PROBLEM TO WORK ON. Your transcription must include every record word for word and no pictures.

DATA SHOWN.
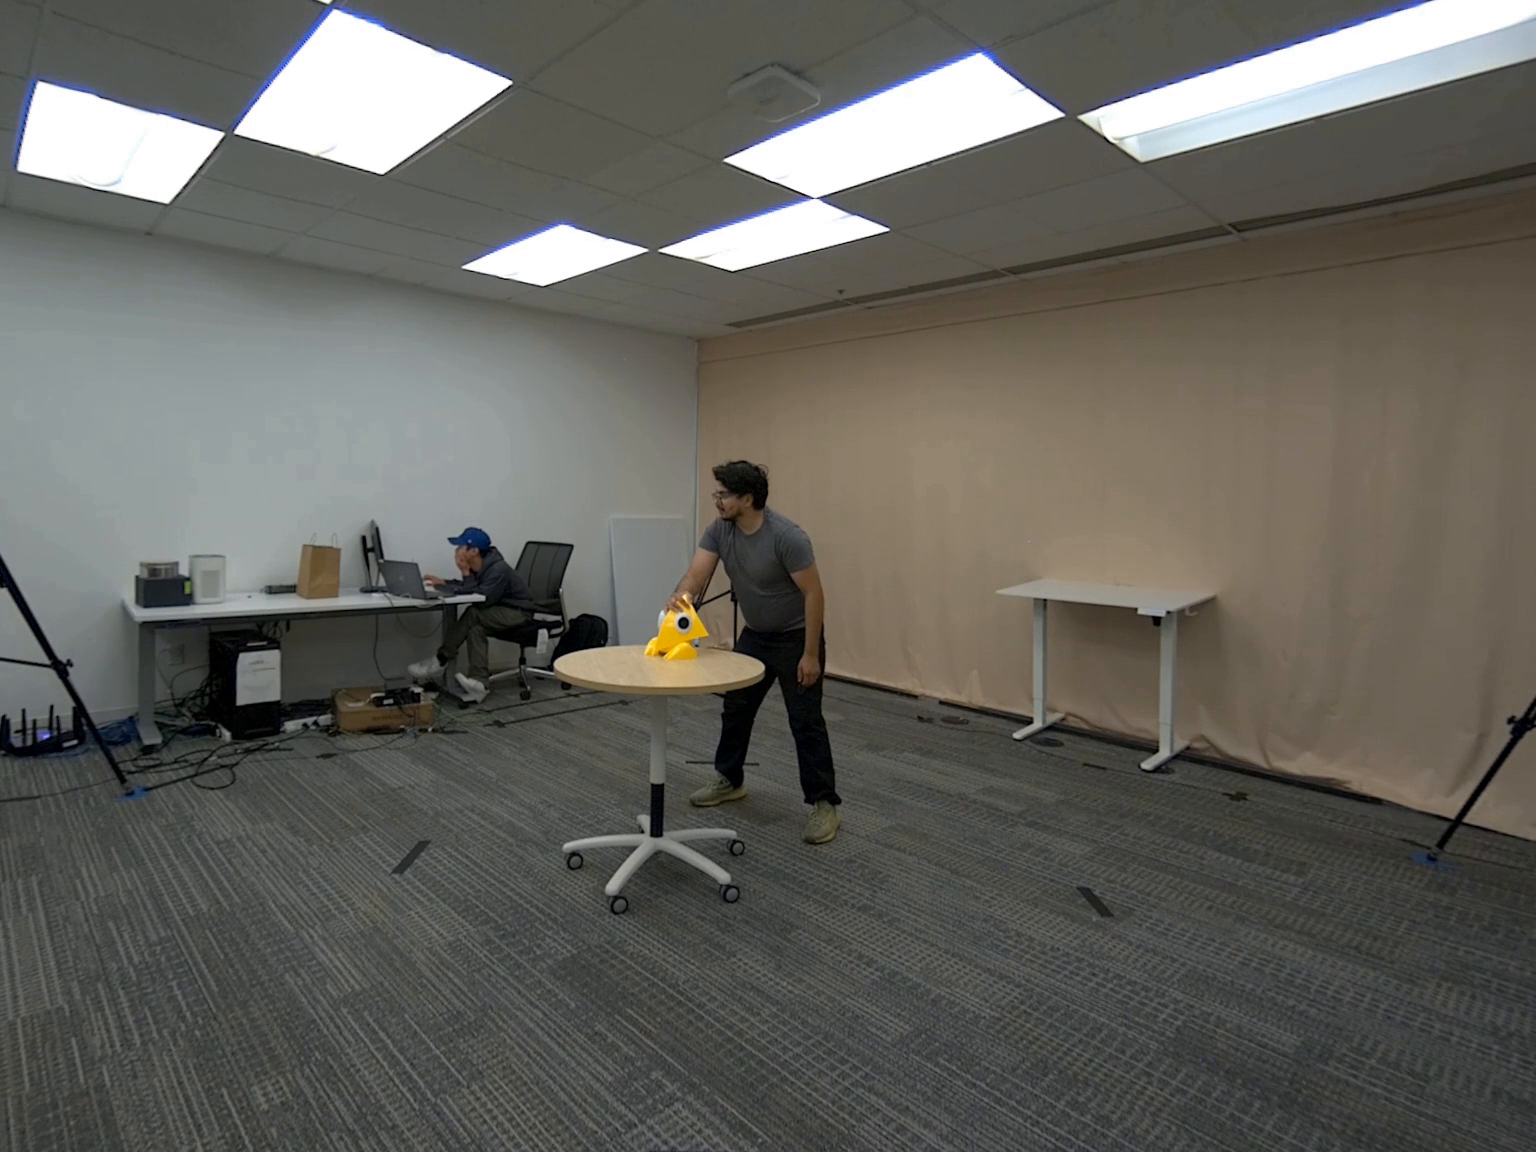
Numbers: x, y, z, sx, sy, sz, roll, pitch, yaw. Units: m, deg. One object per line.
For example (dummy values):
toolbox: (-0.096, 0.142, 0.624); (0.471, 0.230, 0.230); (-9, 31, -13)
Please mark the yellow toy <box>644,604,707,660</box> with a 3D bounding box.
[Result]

RESULT FOR THIS TASK.
Numbers: x, y, z, sx, sy, sz, roll, pitch, yaw. Units: m, deg. One object per line.
For example (dummy values):
toolbox: (-0.096, 0.142, 0.624); (0.471, 0.230, 0.230); (-9, 31, -13)
Please mark the yellow toy <box>644,604,707,660</box> with a 3D bounding box.
[Result]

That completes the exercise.